La situation actuelle est toute autre, on peut déplorer pas mal d’obstacles à titre d’exemples :
- L’avis de change N° 3, un texte vieux de 35 ans, considère un étranger qui séjourne en Tunisie durant deux ans et plus comme résident en matière de change et entraîne de facto la reconversion en dinars de tous ses avoirs en devises ;
- Une carte de séjour provisoire est délivrée à l’étranger en attendant l’obtention du permis de séjour définitif, qui tarde souvent au point où le délai de la carte de séjour est dépassé ce qui met le résident en situation irrégulière.
- L’acquisition d’un logement est soumise à l’autorisation du gouverneur, cette formalité lourde en documents à produire, prend en pratique entre 6 mois et une année sans que l’on puisse savoir les raisons de ce retard ;
- L’importation en franchise de taxes des effets personnels et de la voiture personnelle est réservée aux salariés des entreprises totalement exportatrices ;
- En cas de départ, l’obtention du quitus fiscal est indispensable pour rapatrier ses biens personnels et dans la pratique l’obtenir est un véritable parcours du combattant qui laisse un goût amer chez les expatriés.
En mettant en place une politique de Visa Gold, on pourrait raisonnablement attirer plus de 800 000 expatriés dans les cinq prochaines années, avec des retombées économiques importantes en termes d’expertise professionnelle, de rentrée de devises et d’investissement de délocalisation.
On peut citer à titre d’exemple la Thaïlande, qui a mis plusieurs types de visa pour les travailleurs à distance dit « Nomades numériques ».Dans ce cadre, Pieter Levels, qui dirige le site Nomadlist.com, estime que ce type de travailleurs dans le monde représentera 1 milliard de personnes d’ici 2035. Ce que confirme le cabinet de conseil Global Workplace Analytics spécialisé en télétravail, qui estime que 25 à 30 % de la main-d’œuvre travaillera à domicile plusieurs jours par semaine d’ici la fin de l’année.
Nous pouvons mettre en place des SMART Visa destinés aux travailleurs, dans les technologies de l’information, mais également des startups Visa pour ceux qui participent à des programmes d’innovation et d’incubation en Tunisie.
Les atouts de la Tunisie sont nombreux, il s’agit de :
- La proximité géographique de l’Europe ;
- Le climat agréable sur une bonne partie de l’année ;
- La qualité des infrastructures de télécommunication et la disponibilité des espaces de coworking dans plusieurs quartiers des affaires ;
- Le taux de pression fiscal relativement favorable par rapport aux pays développés ;
- Le niveau des prix abordable en comparaison avec plusieurs capitales européennes (Tunis a été classée comme la quatrième ville la moins chère en monde, selon un rapport publié en décembre 2021 par The Economist intelligence Unit) ;
- La disponibilité de prestataires de technologie de l’information, ce qui permet des sous-traitances et des partenariats.
Le nouveau mode de vie va façonner l’exercice du travail dans le monde.

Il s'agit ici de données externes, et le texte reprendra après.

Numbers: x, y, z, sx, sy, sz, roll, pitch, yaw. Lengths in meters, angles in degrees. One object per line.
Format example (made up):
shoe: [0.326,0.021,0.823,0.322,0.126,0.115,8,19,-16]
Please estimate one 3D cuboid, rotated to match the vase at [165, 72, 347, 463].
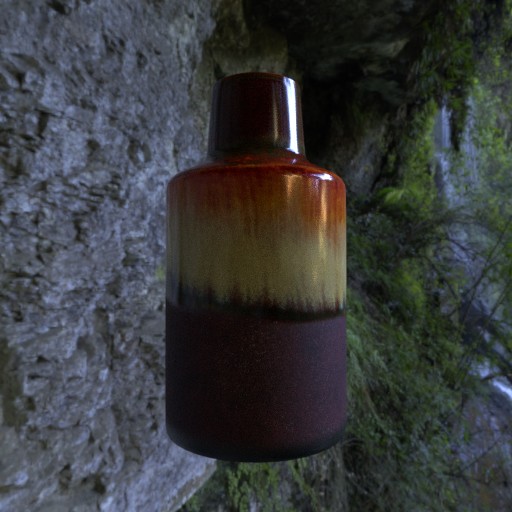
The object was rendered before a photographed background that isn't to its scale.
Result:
vase: [0.000,0.000,0.270,0.108,0.204,0.108,0,-1,0]
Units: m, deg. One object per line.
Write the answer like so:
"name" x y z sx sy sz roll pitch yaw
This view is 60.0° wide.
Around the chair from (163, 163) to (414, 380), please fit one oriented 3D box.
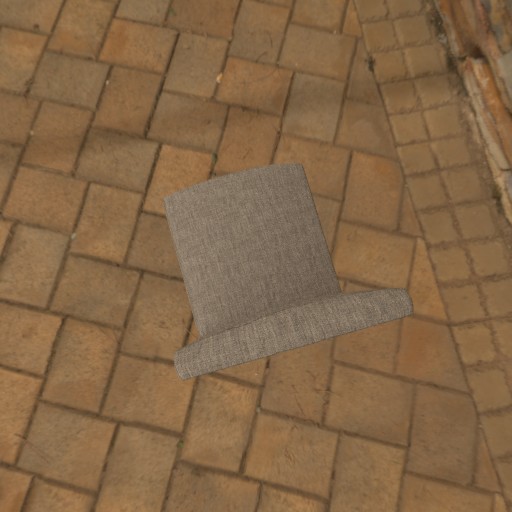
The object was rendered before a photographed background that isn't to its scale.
"chair" 0.000 0.000 1.257 0.451 0.917 0.580 -15 76 -4
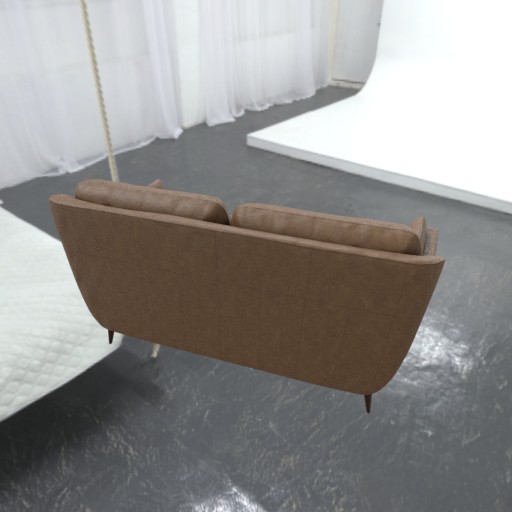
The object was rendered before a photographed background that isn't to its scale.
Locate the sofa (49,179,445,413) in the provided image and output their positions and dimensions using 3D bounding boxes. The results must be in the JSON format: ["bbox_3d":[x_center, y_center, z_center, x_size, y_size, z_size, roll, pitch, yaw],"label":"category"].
[{"bbox_3d":[0.000,0.000,2.270,1.731,0.886,0.981,10,34,16],"label":"sofa"}]
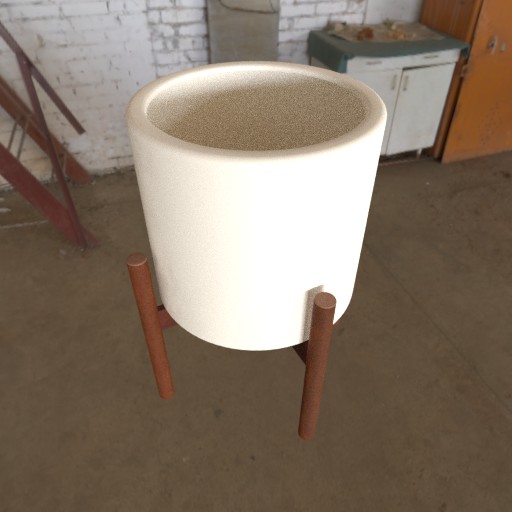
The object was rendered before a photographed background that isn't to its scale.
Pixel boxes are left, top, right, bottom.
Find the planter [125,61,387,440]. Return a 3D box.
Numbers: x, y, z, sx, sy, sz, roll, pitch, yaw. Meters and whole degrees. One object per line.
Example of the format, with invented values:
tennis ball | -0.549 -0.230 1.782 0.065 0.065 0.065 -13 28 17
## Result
planter | 0.000 0.000 0.501 0.224 0.358 0.224 11 41 13
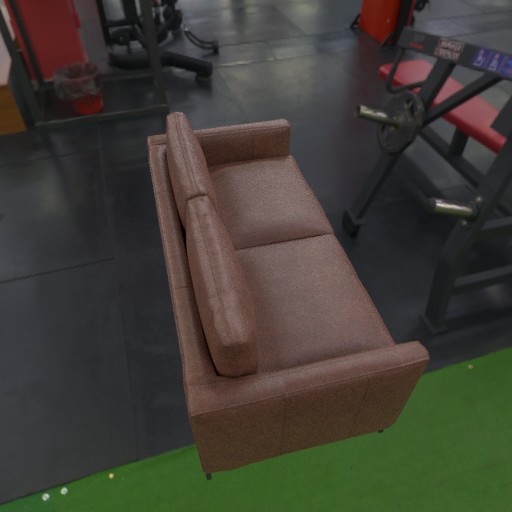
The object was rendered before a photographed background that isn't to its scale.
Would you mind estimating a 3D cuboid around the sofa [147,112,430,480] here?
[{"bbox_3d":[0.000,0.000,2.249,0.899,0.883,1.797,-11,47,-10],"label":"sofa"}]

De ce fait, seuls les pays qui sauront adapter leurs règles juridiques et économiques pourront attirer le capital humain de haut niveau.
Selon le site spécialisé Nomadlist, en 2035, la population mondiale sera d’environ 9 milliards, dont 6 milliards de travailleurs, 50% d’entre eux -soit trois milliards- seront des travailleurs indépendants et 1 sur 3 d’entre eux seront des travailleurs à distance.
Nous devons ne pas rater l’occasion de capter les flux transfrontaliers par des politiques favorables aux personnes de talent, aux entrepreneurs et aux détenteurs de capitaux.